Illustration by Kailey Whitman

Will people be able to distinguish between real and fake news in the future when we can’t do so now?

Editor’s Note: This article is part of a larger series of Q&As that originated in the future-focused UD Magazine. To see additional questions, please visit the Envisioning the Future website.

The question assumes that we ever could. Half a century ago, political theorist Hannah Arendt wrote, “The result of a consistent and total substitution of lies for factual truth is… that the sense by which we take our bearings in the real world…is being destroyed.” In 1964, Richard Hofstadter won the Pulitzer Prize for his book, Anti-Intellectualism in American Life, which chronicled how “anti-elite, anti-reason and anti-science” sentiments have long been part of the American political and social landscape.

In recent decades, with the rise of the cable TV shout shows; talk radio’s frequently vacuous, vituperative invective; and shorter, lighter local and network television news stories with sometimes cartoonish graphics to make sure the audience understands, too many of our fellow Americans are benumbed and be-dumbed by what journalist Carl Bernstein has called “the spectacle, and the triumph, of the idiot culture.”

According to studies by the Annenberg Public Policy Center, roughly 35 percent of Americans could not name any of the three branches of the federal government, and more than 60 percent didn’t know which political party controls the U.S. House of Representatives and the U.S. Senate.
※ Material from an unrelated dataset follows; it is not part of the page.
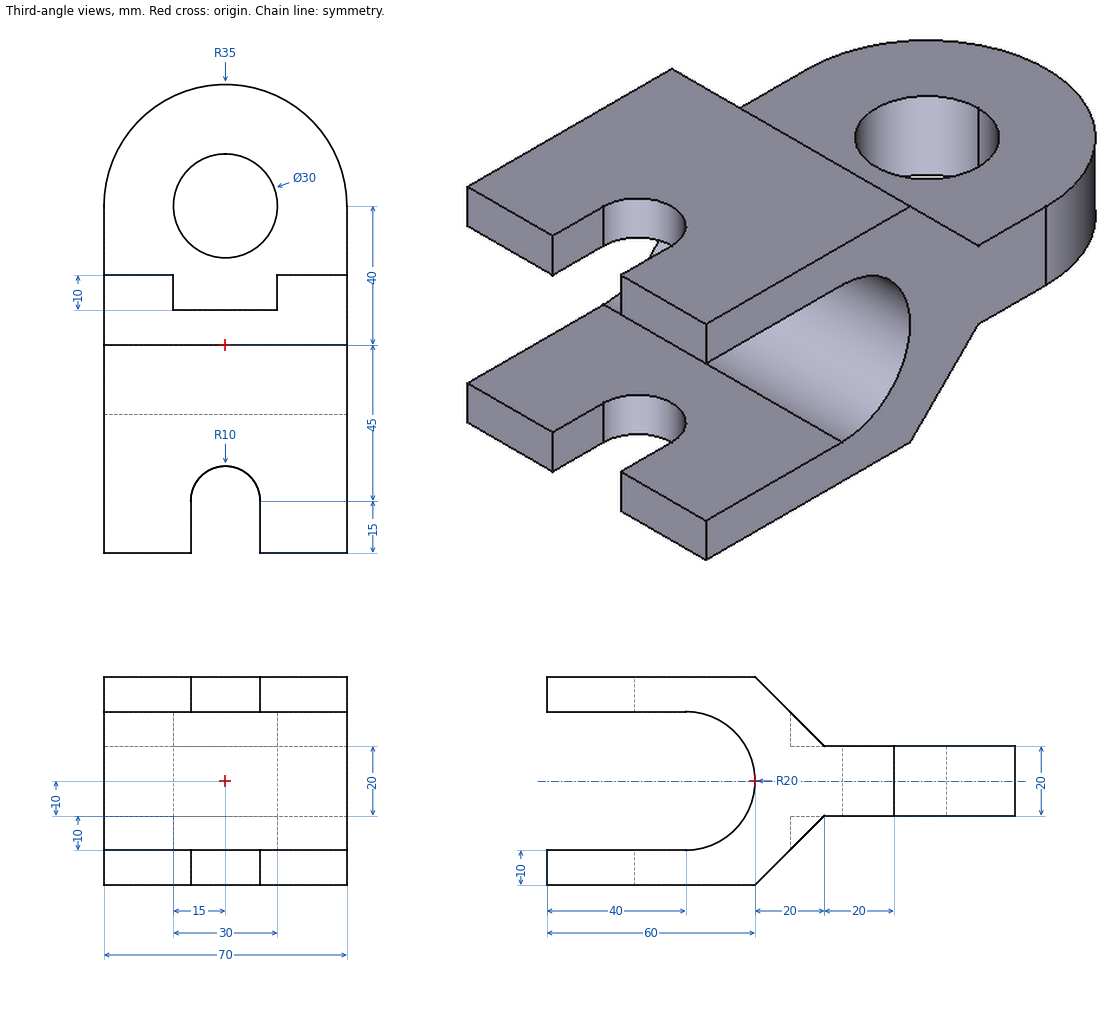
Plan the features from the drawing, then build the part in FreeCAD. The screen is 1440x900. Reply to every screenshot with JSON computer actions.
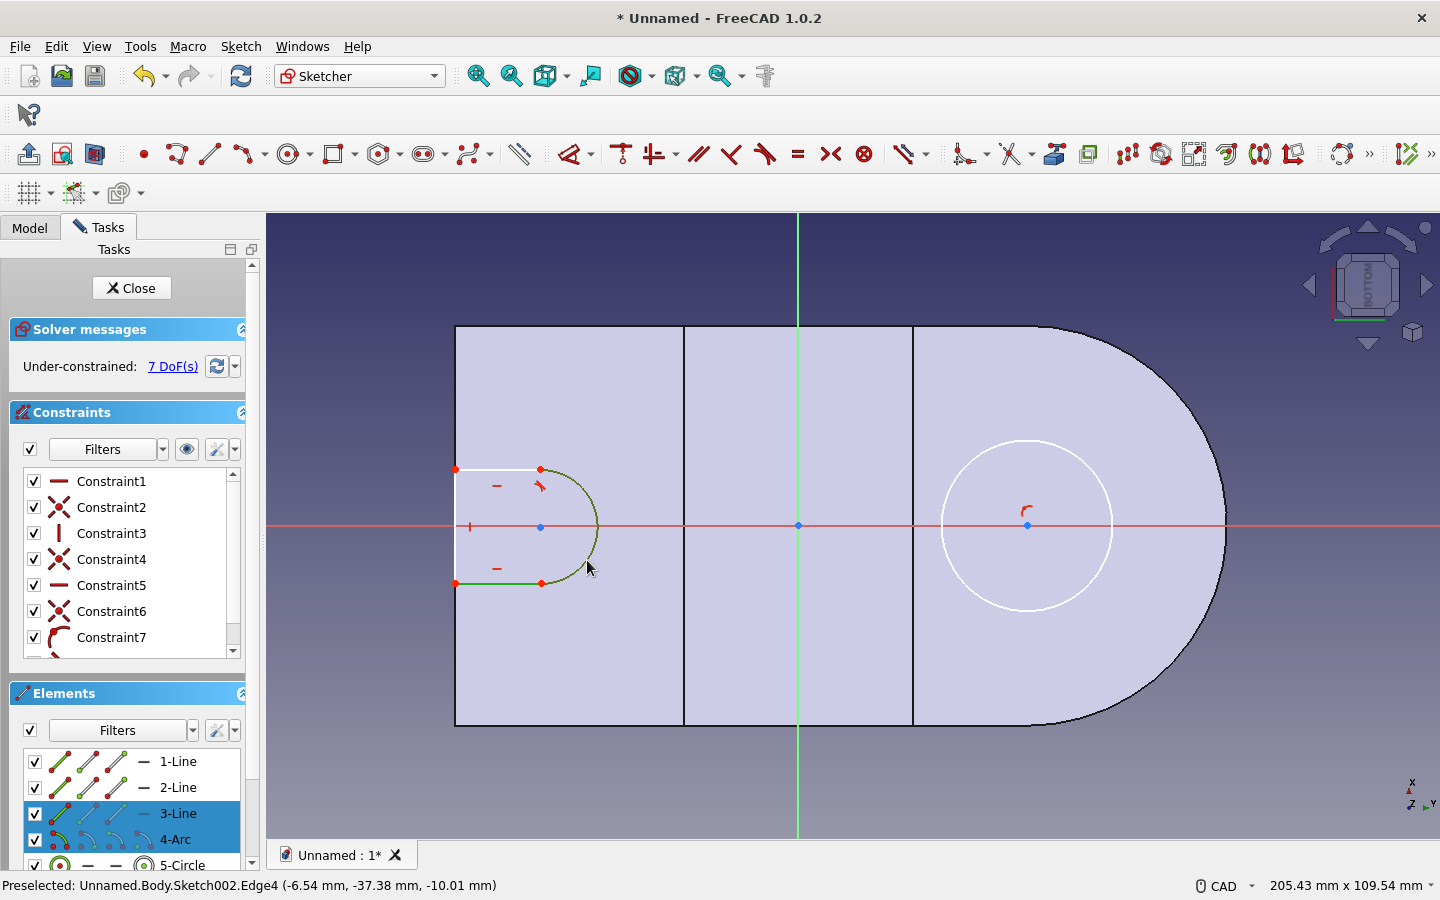
{"action": "key", "text": "t"}

Political scientists have found that just 49 percent of Americans knew that the only country to ever use a nuclear weapon in a war is the United States. Of course, there are also the online, miscreant manipulations of social media and our electoral process.

The most heinous atrocities known to humankind, dating back thousands of years, were accomplished with the help of “fake news” — i.e. false information, also known as “lies” purveyed by despotic leaders and heinous, conscience-less abusers of human rights. The fact is, we must always be careful consumers of information. Now more than ever.

Charles Lewis, AS75, is the founding executive editor of the Investigative Reporting Workshop and a professor at American University in Washington, DC. A veteran investigative journalist, he is also the founder of two Pulitzer Prize–winning nonprofit news organizations, the Center for Public Integrity and the International Consortium of Investigative Journalists. His most recent book is 935 Lies: The Future of Truth and the Decline of America’s Moral Integrity.